Он в упор смотрел на Рязанцева, но тот равнодушно пожал острыми, чуть поднятыми плечами. Он был в старенькой, линялой ковбойке.
– Это меня не касается, – заметил инженер. – Я беспартийный, в партию не зван…
«Боится», – подумал Соколовский. И хотя настороженность Рязанцева была вполне объяснима, глухая неприязнь подымалась в груди Соколовского.
– Ну, а вы кому служите, позвольте спросить? – Соколовский намеренно повторил интонацию Рязанцева.
Инженер промолчал, только брови над серыми, окруженными синевой глазами поднялись и сразу же опустились. Соколовский смотрел на него с вызовом, мелькнула мысль, что Дугин прав – нечего было сюда соваться. Откуда у этого типа манеры старого, церемонного интеллигента, все эти «не зван» и прочее? На кушетке Соколовский заметил книгу «Теория корабля» с вложенными в нее мелко исписанными листами. Вот как: читает! Трудится! Поспевает за прогрессом! Немцы техническая нация, нужно быть на уровне, не отстать. Иначе кормить перестанут…
Хозяин усмехнулся, перехватив взгляд Соколовского.
– Думаете, позовут? – спросил Соколовский, кивнув на книгу.
– Кто знает, кто знает, – Рязанцев не давался, ускользал. – Время смутное, а я без дела не привык. – Он прикоснулся быстрой рукой ко лбу. – Эта штука тоже требует пищи и упражнений, как желудок, руки и ноги.
Снова томительная пауза.
– Да, так я все болтаю, а вы хотели сказать мне что-то важное.

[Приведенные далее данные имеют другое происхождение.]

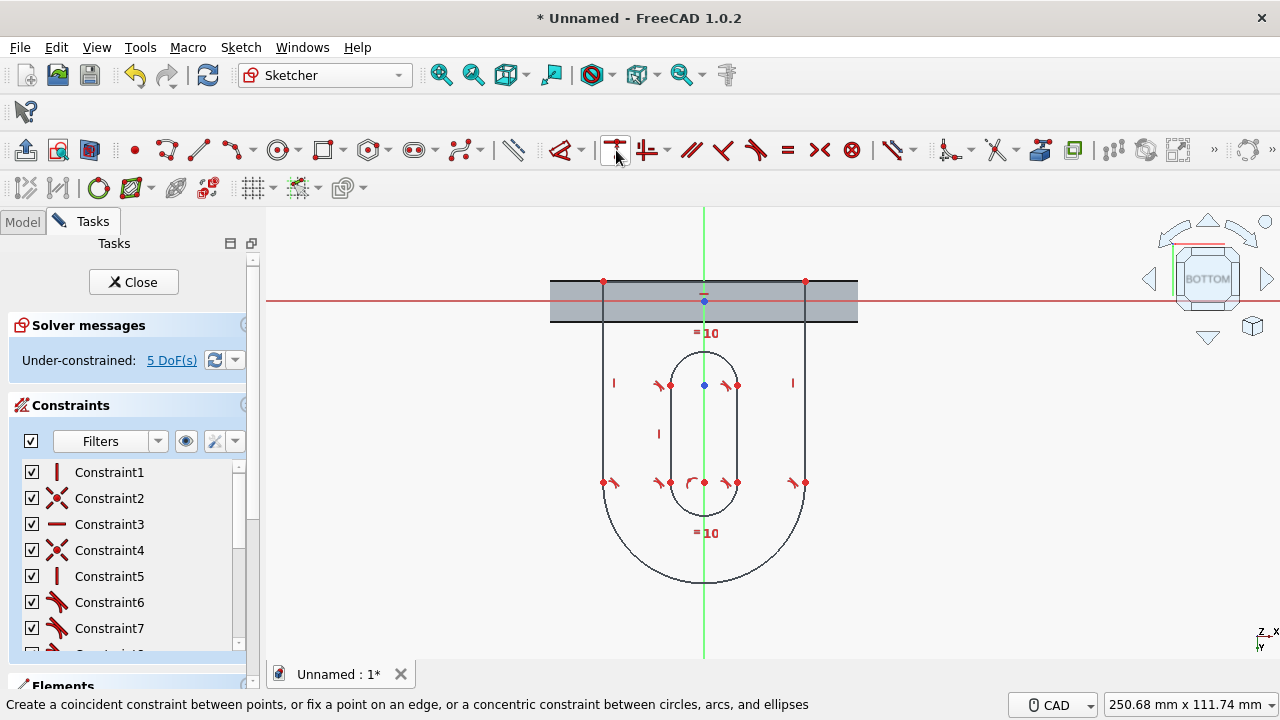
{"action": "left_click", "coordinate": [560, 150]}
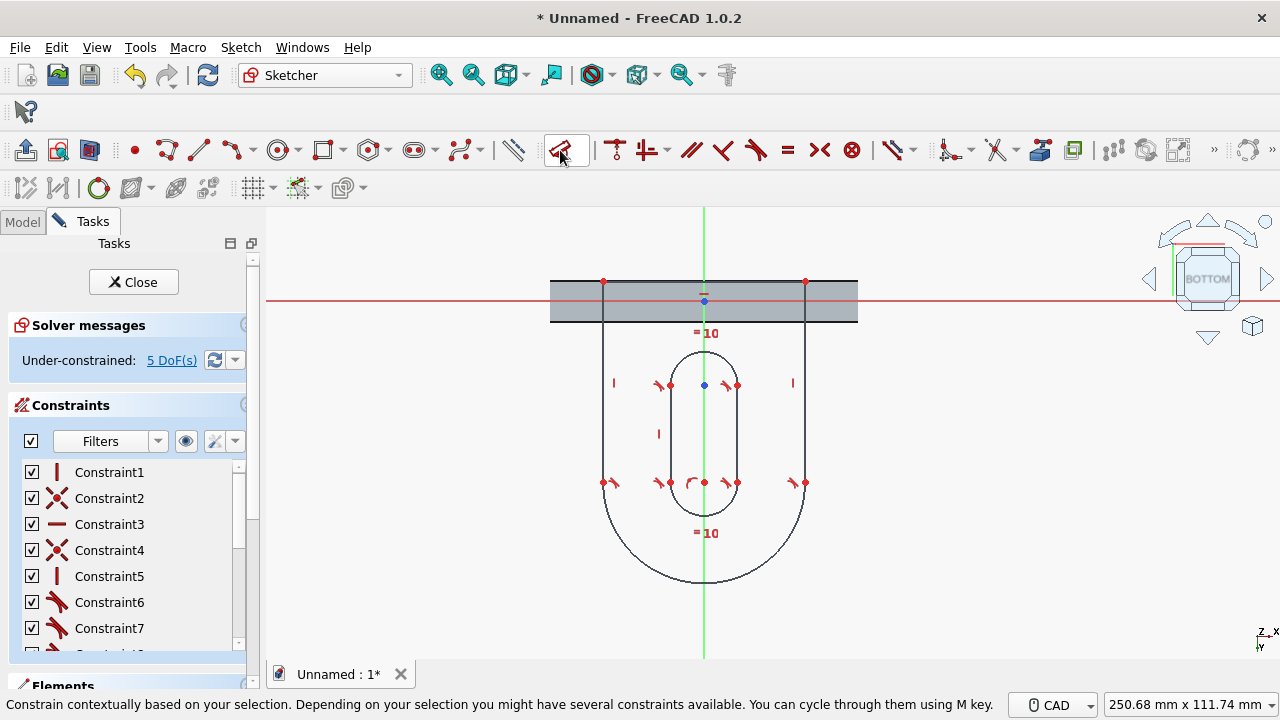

Пришлось говорить начистоту – другого выхода не было. Рязанцев внимательно слушал, не мешая ни словом, ни недоверчивым или ироническим взглядом. Комната Рязанцевых выглядела убого, одежда и вид ее хозяев свидетельствовали о настоящей нужде. Но злость не проходила. Холодно, отрывисто Соколовский выкладывал все: о лагере, о неожиданной затее немцев, о возможном матче. Рязанцев только раз перебил гостя, спохватившись, что все стоят, усадил их, а сам отошел к окну и задумчиво смотрел в сад, на сыновей, строивших под запоздало цветущей старой грушей шалаш из прошлогодних стеблей подсолнечника.
– Сыграли бы разок, Виктор Евгеньевич, – попросил Скачко. Ему невмоготу сделалось отчуждение двух людей, к которым он был душевно привязан.
– Стар я, Миша. Вон какие у меня сыновья выросли.